Baik Lin TianAo maupun Zhou Weiqing adalah pembicara yang lugas, dan dia tidak mencoba bertele-tele.
“Weiqing, ada apa dengan Nyonya Bing’er? Apakah terjadi sesuatu?”
Mendengar pertanyaan Lin TianAo, Zhou Weiqing tidak bisa menahan rasa terkejutnya: “Bagaimana kau tahu?”
Lin TianAo mengerutkan alisnya, berkata: “Sejak kita meninggalkan Kota Fei Li, meskipun kau telah berlatih, kau tidak pernah seserius ini. Namun, beberapa hari ini, kau terus menerus menjalani latihan tertutup, tidak makan dan minum selama beberapa hari. Meskipun kita mungkin belum lama bersama, kurasa aku cukup memahami karaktermu. Ditambah lagi dengan hilangnya Lady Bing’er, dan adanya sesuatu yang tidak beres, aku tidak dapat memikirkan alasan lain mengapa kau tiba-tiba menjadi begitu rajin.”

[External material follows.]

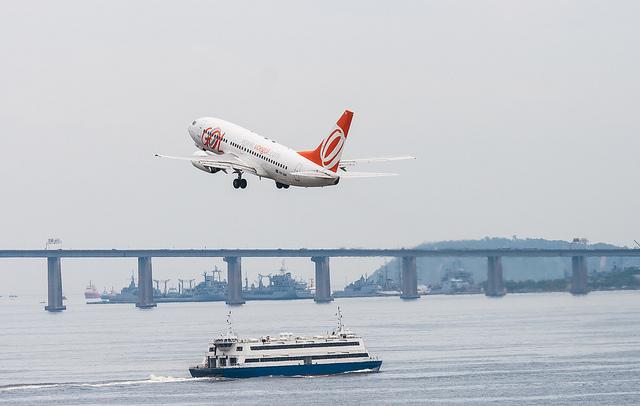What color is the plane?
Give a very brief answer. White and red. What kind of boat is shown?
Concise answer only. Ferry. Is the plane flying?
Short answer required. Yes.

“Weiqing, entah kau pengikut, pemimpin, atau teman, karena sesuatu telah terjadi pada Lady Bing’er, mengapa kau tidak memberi tahu kami semua? Turnamen Permata Surgawi mungkin penting, tetapi kau dan Lady Bing’er adalah rekan kami. Jika dia dalam kesulitan, kami pasti akan membantu sebisa mungkin. Bahkan, jika kami tidak bertemu Shangguan Xue’er yang persis seperti dia, aku hampir mengira kau yang mengarang cerita bahwa dia terkait dengan Istana Hamparan Langit.

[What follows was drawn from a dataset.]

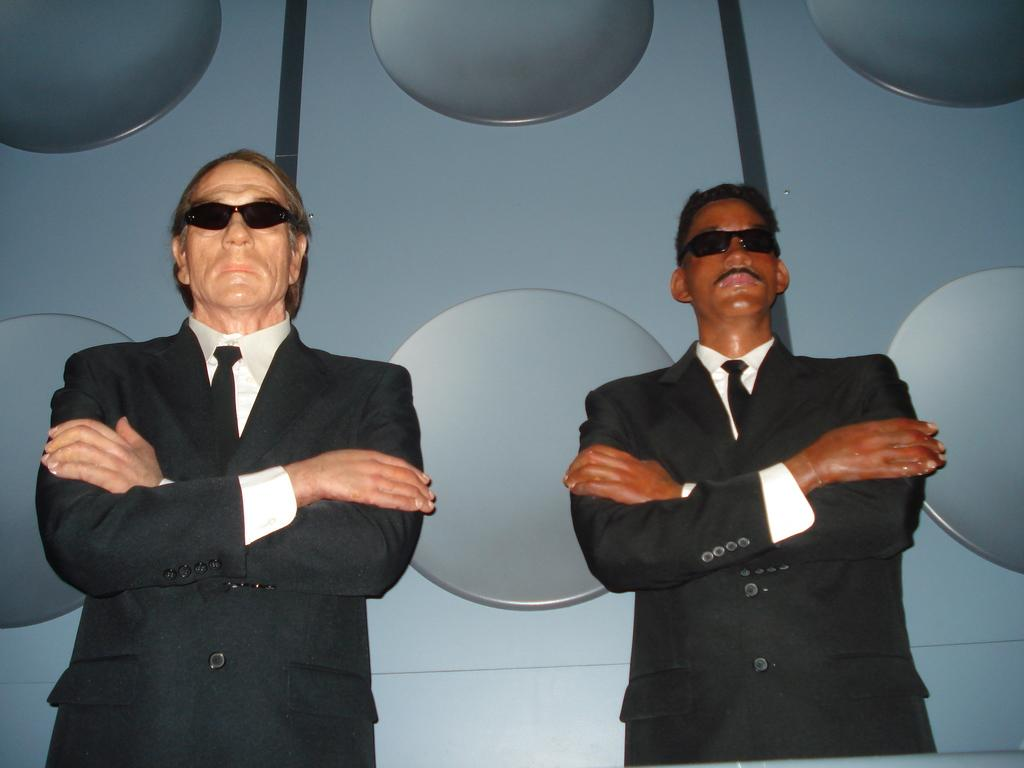What is depicted in the image? There are statues of two men in the image. What are the positions of the men in the statues? The men are standing. What are the men wearing in the statues? The men are wearing formal suits and black color sunglasses. What is visible behind the statues? There is a wall behind the statues. What type of shade do the frogs provide in the image? There are no frogs present in the image, so they cannot provide any shade.

Zhou Weiqing tersenyum pahit dan berkata: “Bukannya aku tidak mau bicara, tetapi sebenarnya tidak ada orang lain yang dapat membantu dalam hal ini, dan aku hanya bisa mengandalkan kekuatanku sendiri. Sejujurnya, sampai sekarang, aku masih tidak percaya apa yang terjadi, rasanya sangat tidak nyata. Dia benar-benar berasal dari Istana Hamparan Langit, dan merupakan bagian dari tiga bersaudara kembar.” Masalahnya adalah, ayahnya bernama Shangguan Tianyue, dan dia adalah Master Istana Kedua dari Istana Hamparan Langit, setidaknya di Tahap Raja Langit atau mungkin bahkan lebih tinggi.”
“Kau dengar sendiri hari itu ketika Shangguan Xue’er datang mencariku, kecuali aku bisa mengalahkannya, aku tidak akan pernah bisa bersama Bing’er. Shangguan Xue’er itu mungkin pewaris seluruh Istana Hamparan Langit, dan dia sudah memiliki tingkat kultivasi yang sangat kuat di Tujuh Permata, mungkin juga dengan Mata Kucing Alexandrite, dan dengan Set Legendaris Tingkat Dewa. Untuk mengalahkannya… bagaimana mungkin itu tugas yang mudah? Aku hanya dua, hampir tiga, tahun lebih muda darinya… Setiap kali aku meningkat… begitu pula dia…”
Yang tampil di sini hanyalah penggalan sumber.